### Available data
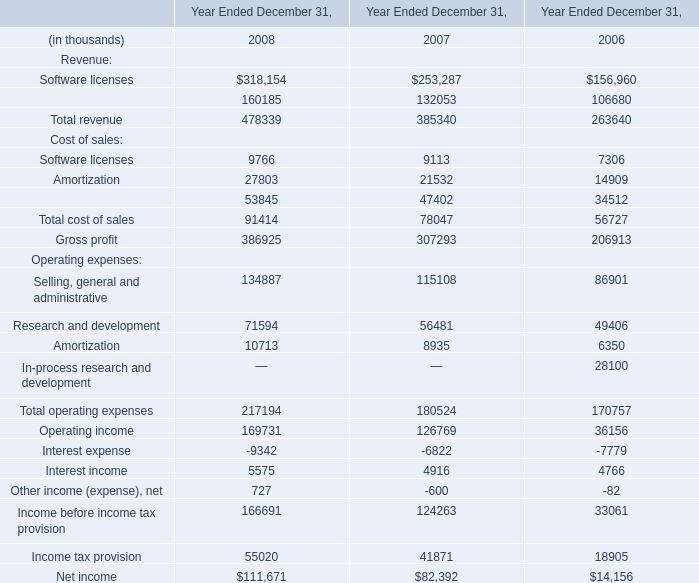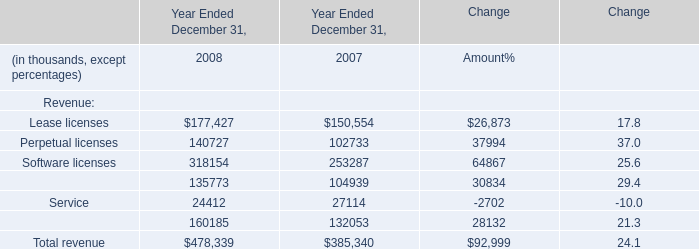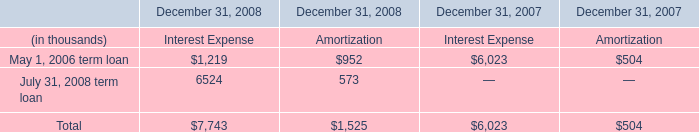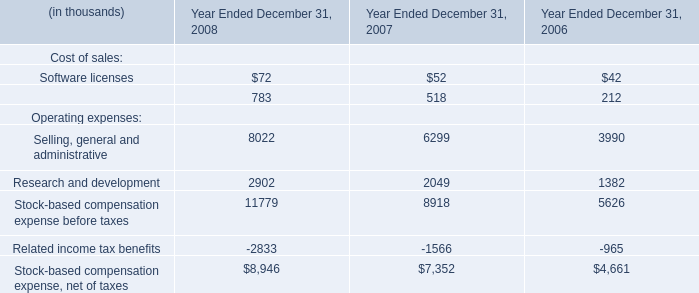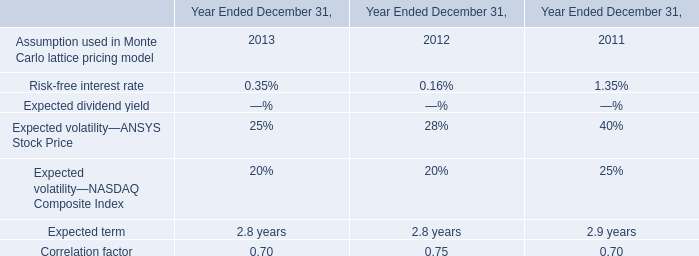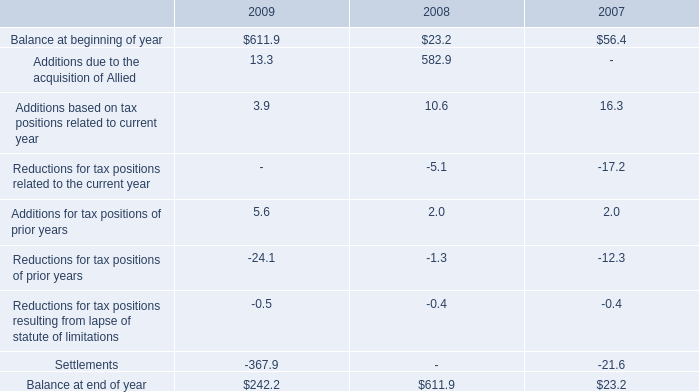What's the sum of the Maintenance in the years where Service is positive? (in thousand) 
Computations: (135773 + 104939)
Answer: 240712.0. 
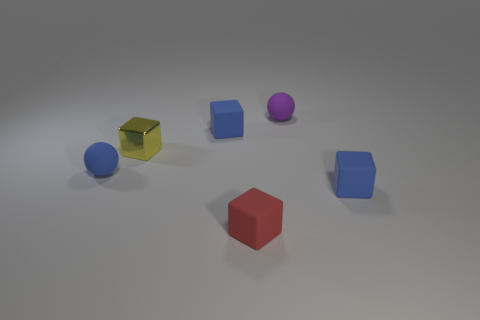Is there any other thing that is the same material as the small yellow thing?
Offer a terse response. No. There is a thing that is both behind the tiny yellow metal thing and on the right side of the small red rubber object; what color is it?
Your answer should be compact. Purple. Is there any other thing of the same color as the small shiny thing?
Your answer should be very brief. No. There is a blue object that is right of the red matte thing to the right of the tiny yellow metallic thing to the left of the small red cube; what shape is it?
Offer a terse response. Cube. There is another tiny object that is the same shape as the small purple matte object; what color is it?
Make the answer very short. Blue. What is the color of the rubber block in front of the blue block to the right of the purple ball?
Keep it short and to the point. Red. What is the size of the other rubber thing that is the same shape as the small purple rubber thing?
Keep it short and to the point. Small. How many tiny yellow things have the same material as the tiny red block?
Provide a succinct answer. 0. How many rubber cubes are in front of the blue rubber cube left of the red cube?
Provide a succinct answer. 2. There is a small yellow metallic object; are there any rubber objects on the left side of it?
Your response must be concise. Yes. 
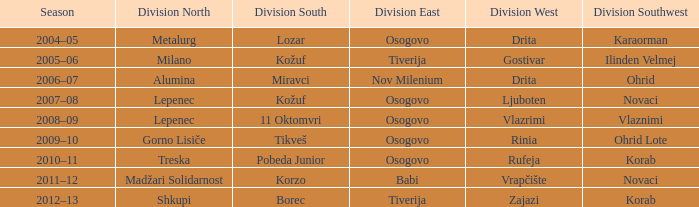When madžari solidarnost emerged victorious in division north, who claimed the win in division southwest? Novaci. 
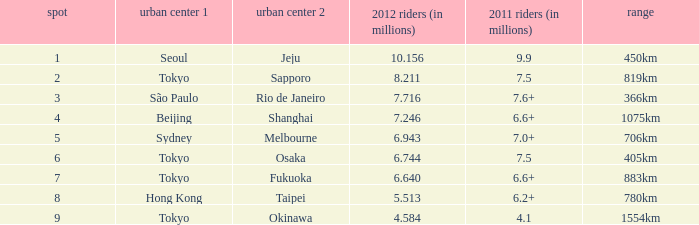How many passengers (in millions) flew from Seoul in 2012? 10.156.

### Task prompt
The lines needed run from the first line of the records through the line containing "Offer a terse response. No.", both included. Restate them word for word, without pictures.

### Written answer
What's the sum of the Maintenance in the years where Service is positive? (in thousand) 
Computations: (135773 + 104939)
Answer: 240712.0. 
Is there any other thing that is the same material as the small yellow thing?
Offer a terse response. No. There is a thing that is both behind the tiny yellow metal thing and on the right side of the small red rubber object; what color is it?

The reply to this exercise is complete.